We have a little transponder called the BroBizz, in our car for the bridge between Denmark and Sweden in Copenhagen. It's very nice, you don't have to stop to pay the toll, just slow down, drive through the bizz lane, and the price is added to your credit card bill. Of course, you had to give them your email address, and they send out lots of messages.

Today there is a message about the Copenhagen summit.

"Dearest WiseWoman [I didn't realize we were that chummy]

The climate conference COP 15 will be starting on Monday. There will be over 20.000 delegates from all over the world attending. About 2000 of these will be staying in Malmö and commuting to the conference at the Bella Center every day. [By car? Why? There's a train every 20 minutes from downtown Malmö to Örestad and a short walk from there. I bet they will have a shuttle bus, too.] We suggest you leave home in good time. [That's Sweden for you, just like a good mother.]

One visitor in particular can possibly be posing a traffic problem on the bridge, even if he won't be staying in Malmö. The president of the USA, Barack Obama, has announced that he will come to COP 15 on Wednesday, December 9. [Actually, he has to pick up his Nobel Prize on the 10th and there will be a spot of grub with the king and queen afterwards.] It is not clear at what time Obama will be coming to Copenhagen and what this will mean for traffic.

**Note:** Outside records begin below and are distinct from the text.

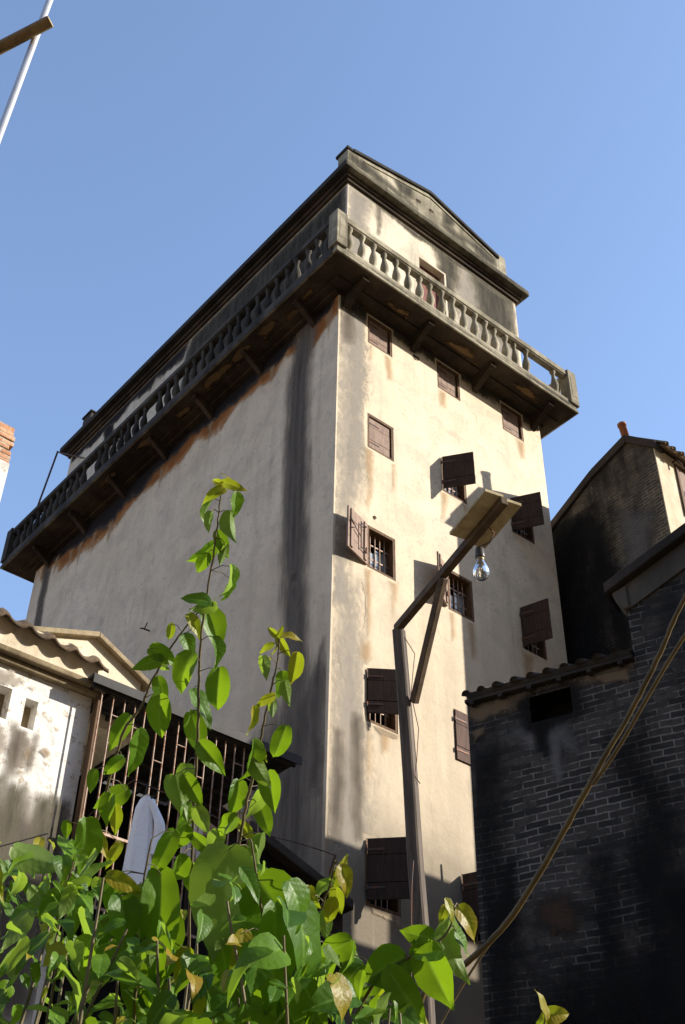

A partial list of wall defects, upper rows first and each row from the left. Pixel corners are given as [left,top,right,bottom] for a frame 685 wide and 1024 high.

rust [311,295,339,347]
rust [40,332,300,580]
water stain [262,323,369,873]
water stain [0,724,70,861]
water stain [0,872,57,1021]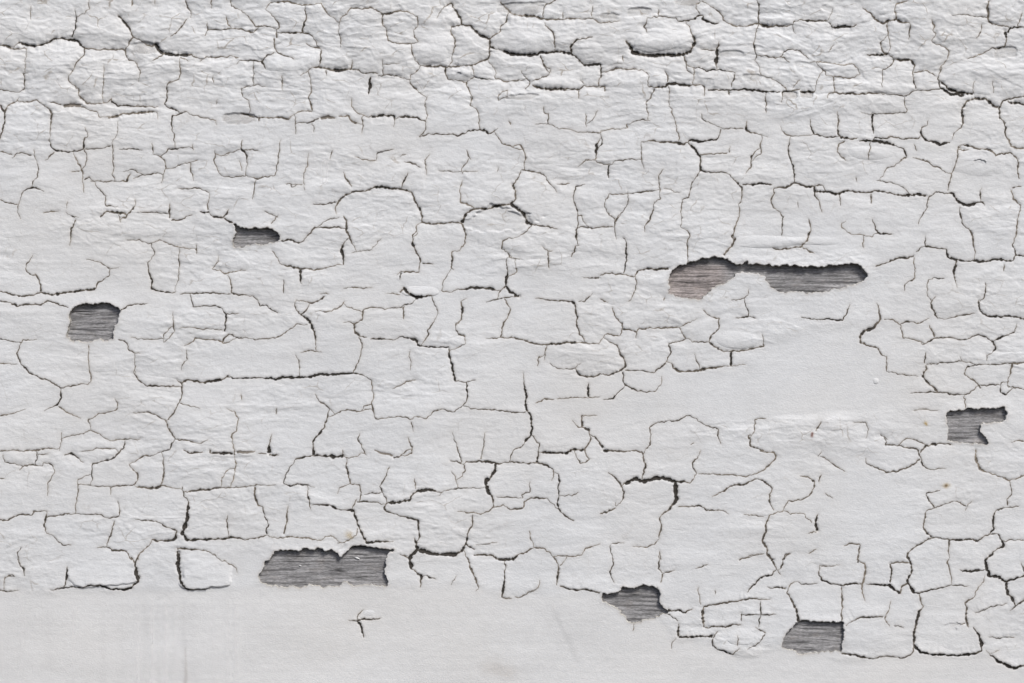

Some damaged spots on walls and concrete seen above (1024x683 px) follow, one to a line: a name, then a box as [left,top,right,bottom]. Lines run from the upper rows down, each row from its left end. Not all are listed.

crack [0,0,1024,408]
peeling [232,223,280,248]
peeling [668,256,868,300]
peeling [66,302,121,343]
crack [0,239,821,655]
crack [854,422,951,473]
peeling [946,407,1007,445]
peeling [258,545,394,589]
crack [769,450,1024,669]
peeling [601,584,668,623]
peeling [781,620,845,655]

The cortège can cause temporary closings of the bridge during the conference. [Translation: It will be closed. Period. We are scared some terrorists will blow it up.] We will keep you updated by web page or by SMS service and signs on the bridge, as well as over radio.

We apologize for any inconvenience and hope for your understanding."

Well. At least they are announcing it. Maybe it will do the climate some good if everyone just stays home that week. Save some CO2.

2009-12-03

More on Wikipedia Relevance and Women

The relevancy discussion at the German Wikipedia continues, the fires being fanned this time by Spiegel Online. Many people have written to me, wanting to have a copy of the article "Professorin" that I worked on and got itself deleted, because the "real" "main" category is, of course, the male form "Professor". I had fought to get this made into "Professur" (the office, not the person), but that was about the size of it. My statistics disappeared (only to partially resurface when the Swiss and Austrians wanted some comparative numbers.

So anyway, I went back through my editing history for a look down memory lane. Goodness, one learns a lot about a person reading the editing history! And then I stumbled on Anna Maria Schleiermacher. In 2005 when WiseMan and WiseKid and their pals were biking to Sweden, I had been visiting the little museums along the way and stumbled upon a collection of her paintings. There was a little booklet for purchase which I got (where on earth is that now??), and while waiting for the bikers while enjoying some free WLAN (used to have that in the olden days when people didn't protect their WLAN) I set up a little stub about Anna Maria. It went like this:

'Anna Maria Arndt, geb. Schleiermacher (* 18. Februar 1786, † 16. Oktober 1869 in Bonn), zweite Ehefrau des Rügener Dichters Ernst Moritz Arndt.
Before I got all the painting stuff sorted out, I wanted to read the booklet. Well, it was a nice summer and I never actually got around to doing anything with the article. Today I had a look:
Ah yes, the women get subsumed into the articles of the men. Musn't have these uppity women having their own precious pages.

A check of the edit history reveals that there was a deletion discussion three years later in 2008, at the end of which the user Wahrheitsministerium (Ministry of Truth, how fitting) notes "redirect, wie in der LD angeregt, Lebensdaten bei Ernst Moritz Arndt eingearbeitet" (Redirect as suggested in the deletion discussion [which lasted 5 hours], data has been put into Ernst Moritz Arndt.)

The discussion was only about that she was sister-of and wife-of. No one made any attempt to find out more about her, and I did not realize that I had to observe and fight for everything I contributed. At that time I naively believed that we were collecting the knowledge of the entire world.

So go have a look at the entry on Ernst Moritz. Can you find anything on her? After I had edited, others contributed their wedding day and how many children they had.

I think I have to find that book again.